The following datasets are available:

  • Real-Web dataset containing hash values of the content of 353,739 web pages collected over a period of six months (Feb. 1999 – July 1999).
  • Same real-web dataset formated in three columns (web_site, web_page, change_history). Change history is a sequence of bits: 1 means that the specific page has changed between the respective visits and 0 means that it remained the same (e.g. 10000 means that the page changed the second time we visited it i.e. on March).
  • Synthetic dataset containing info for 300,000 pages in three columns (web_site, web_page, change_history) over 200 visiting cycles. The change frequency of the pages follows a normal distribution.
  • Sample collection of blogs from UCLA used in lexical networks research. This data set also includes generated cosine values and lexical networks for the data. Includes instructions for processing with Clairlib.
  • Lexical networks generated from small sample from the 2004 Document Understanding Conference. Includes instructions for processing with Clairlib.
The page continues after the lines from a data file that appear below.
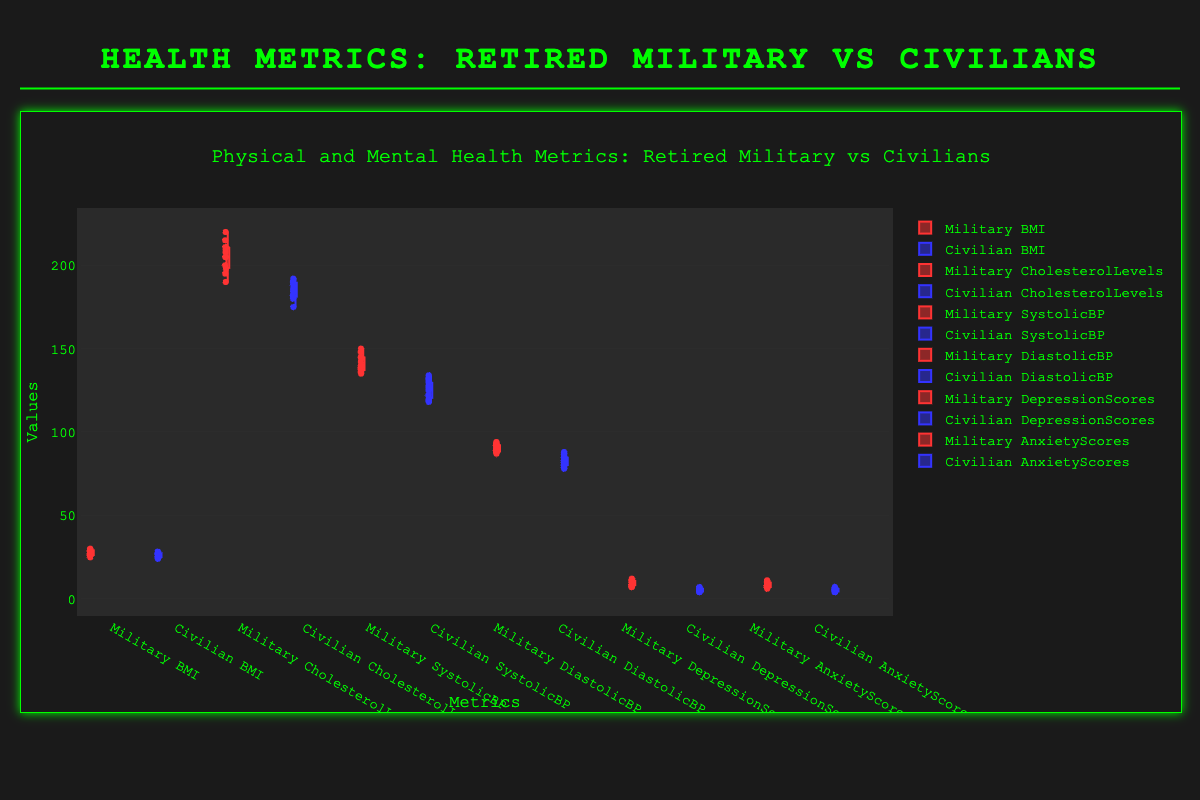What metric is being compared between retired military personnel and civilians in the title? The title indicates that Physical and Mental Health Metrics are being compared
Answer: Physical and Mental Health Metrics Which group has the higher median BMI? Look at the median line in the box for BMI in both groups. The median for Retired Military seems higher than that for Civilians
Answer: Retired Military How does the range of cholesterol levels compare between retired military personnel and civilians? Range is the difference between the maximum and minimum values in the data. The box plot shows that the Retired Military group has a wider range of cholesterol levels compared to Civilians
Answer: Retired Military has a wider range Which group exhibits higher depression scores on average? By observing the box plots for depression scores, the median and distribution indicate that Retired Military has higher values on average compared to Civilians
Answer: Retired Military Are there any overlapping values in the anxiety scores between the two groups? Check the box plots for Anxiety Scores and observe the data points' spread. There is an overlap between the anxiety scores of Retired Military and Civilians
Answer: Yes What is the approximate interquartile range (IQR) for diastolic blood pressure in civilians? The IQR is the difference between the third quartile (Q3) and first quartile (Q1). From the box plot for Civilians’ DiastolicBP, estimate Q3 and Q1 and calculate Q3-Q1
Answer: Around 5 (Q3=84, Q1=79) Which group shows greater variability in systolic blood pressure, and how can you tell? Variability can be assessed by the spread of the whiskers and box. The Retired Military group shows a larger spread in the box plot for SystolicBP, indicating greater variability
Answer: Retired Military Do retired military personnel generally have higher cholesterol levels compared to civilians? By comparing the median lines and the distribution in the CholesterolLevels box plots, it's evident that Retired Military personnel generally have higher cholesterol levels
Answer: Yes Which group has lower overall scores in mental health metrics like depression and anxiety? Observe both DepressionScores and AnxietyScores box plots. Civilians consistently show lower overall scores in both metrics compared to Retired Military
Answer: Civilians For retired military personnel, which metric shows the highest median value: BMI, Cholesterol Levels, SystolicBP, or DiastolicBP? Compare median lines across all Retired Military metrics. Cholesterol Levels show the highest median value
Answer: Cholesterol Levels 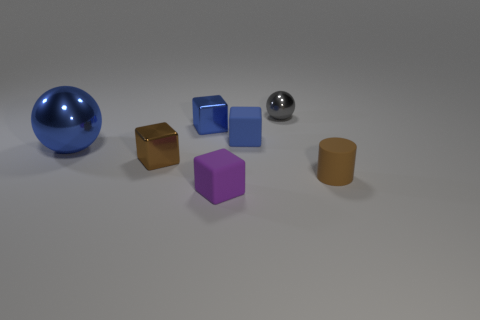There is a thing that is the same color as the matte cylinder; what size is it? The sphere that shares the matte cylinder's color is large in comparison to other objects in the scene. 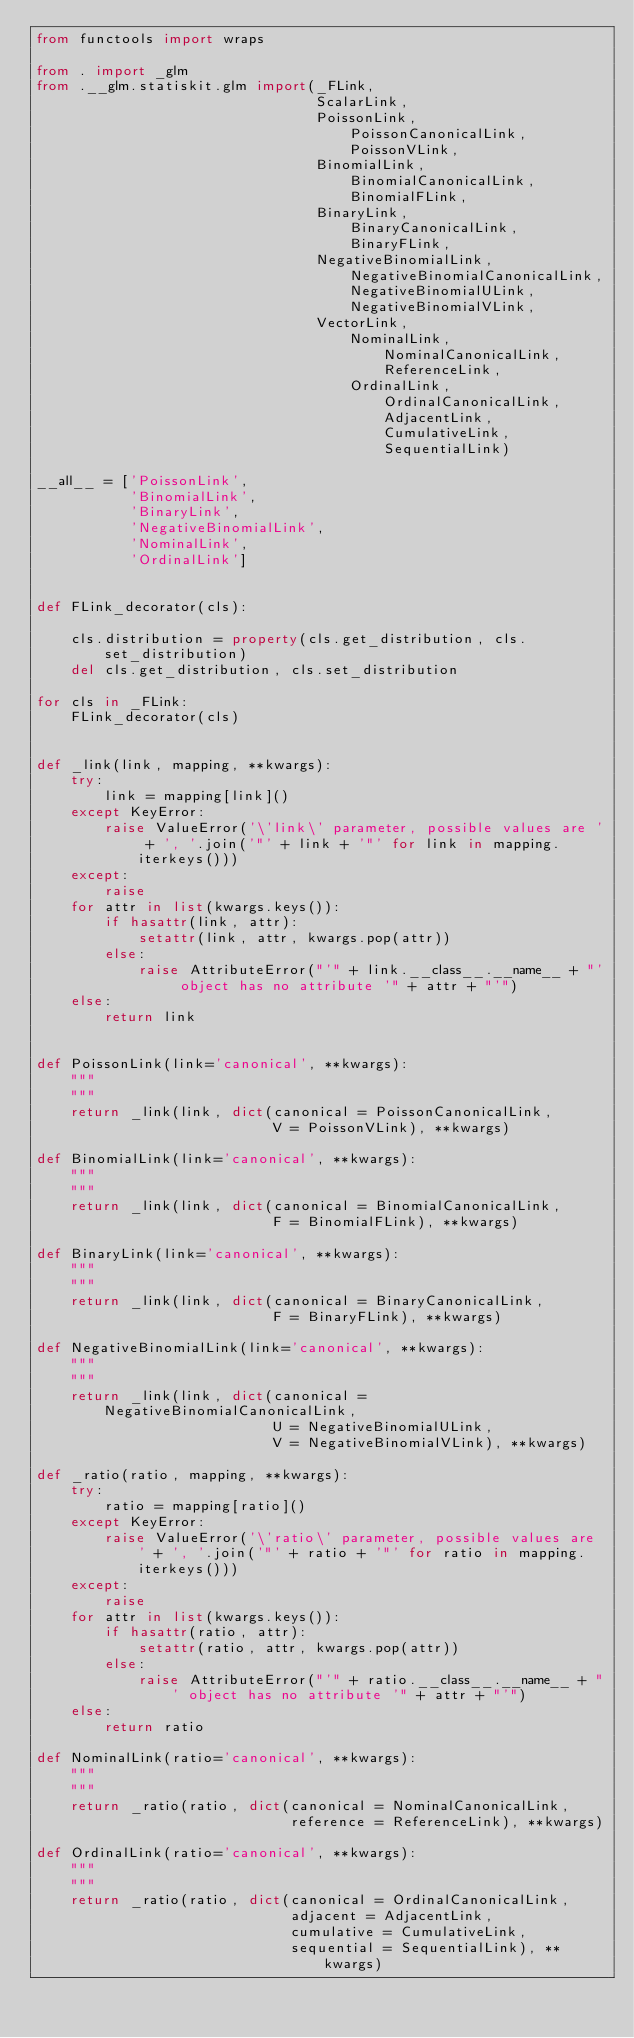Convert code to text. <code><loc_0><loc_0><loc_500><loc_500><_Python_>from functools import wraps

from . import _glm
from .__glm.statiskit.glm import(_FLink,
                                 ScalarLink,
                                 PoissonLink,
                                     PoissonCanonicalLink,
                                     PoissonVLink,
                                 BinomialLink,
                                     BinomialCanonicalLink,
                                     BinomialFLink,
                                 BinaryLink,
                                     BinaryCanonicalLink,
                                     BinaryFLink,
                                 NegativeBinomialLink,
                                     NegativeBinomialCanonicalLink,
                                     NegativeBinomialULink,
                                     NegativeBinomialVLink,
                                 VectorLink,
                                     NominalLink,
                                         NominalCanonicalLink,
                                         ReferenceLink,
                                     OrdinalLink,
                                         OrdinalCanonicalLink,
                                         AdjacentLink,
                                         CumulativeLink,
                                         SequentialLink)

__all__ = ['PoissonLink',
           'BinomialLink',
           'BinaryLink',
           'NegativeBinomialLink',
           'NominalLink',
           'OrdinalLink']


def FLink_decorator(cls):

    cls.distribution = property(cls.get_distribution, cls.set_distribution)
    del cls.get_distribution, cls.set_distribution

for cls in _FLink:
    FLink_decorator(cls)


def _link(link, mapping, **kwargs):
    try:
        link = mapping[link]()
    except KeyError:
        raise ValueError('\'link\' parameter, possible values are ' + ', '.join('"' + link + '"' for link in mapping.iterkeys()))
    except:
        raise
    for attr in list(kwargs.keys()):
        if hasattr(link, attr):
            setattr(link, attr, kwargs.pop(attr))
        else:
            raise AttributeError("'" + link.__class__.__name__ + "' object has no attribute '" + attr + "'")
    else:
        return link


def PoissonLink(link='canonical', **kwargs): 
    """
    """
    return _link(link, dict(canonical = PoissonCanonicalLink,
                            V = PoissonVLink), **kwargs)

def BinomialLink(link='canonical', **kwargs): 
    """
    """
    return _link(link, dict(canonical = BinomialCanonicalLink,
                            F = BinomialFLink), **kwargs)

def BinaryLink(link='canonical', **kwargs): 
    """
    """
    return _link(link, dict(canonical = BinaryCanonicalLink,
                            F = BinaryFLink), **kwargs)

def NegativeBinomialLink(link='canonical', **kwargs): 
    """
    """
    return _link(link, dict(canonical = NegativeBinomialCanonicalLink,
                            U = NegativeBinomialULink,
                            V = NegativeBinomialVLink), **kwargs)

def _ratio(ratio, mapping, **kwargs):
    try:
        ratio = mapping[ratio]()
    except KeyError:
        raise ValueError('\'ratio\' parameter, possible values are ' + ', '.join('"' + ratio + '"' for ratio in mapping.iterkeys()))
    except:
        raise
    for attr in list(kwargs.keys()):
        if hasattr(ratio, attr):
            setattr(ratio, attr, kwargs.pop(attr))
        else:
            raise AttributeError("'" + ratio.__class__.__name__ + "' object has no attribute '" + attr + "'")
    else:
        return ratio

def NominalLink(ratio='canonical', **kwargs):
    """
    """
    return _ratio(ratio, dict(canonical = NominalCanonicalLink,
                              reference = ReferenceLink), **kwargs)

def OrdinalLink(ratio='canonical', **kwargs):
    """
    """
    return _ratio(ratio, dict(canonical = OrdinalCanonicalLink,
                              adjacent = AdjacentLink,
                              cumulative = CumulativeLink,
                              sequential = SequentialLink), **kwargs)</code>

The goal of the BlogoCenter project is to develop innovative technologies to build a system that will (1) continuously monitor, collect, and store personal Weblogs (or blogs) at a central location, (2) discover hidden structures and trends automatically from the blogs, and (3) make them easily accessible to general users. By making the new information on the blogs easy to discover and access, this project is helping blogs realize their full potential for societal change as the “grassroots media.” It is also collecting an important hypertext dataset of human interactions for further analysis by the research community.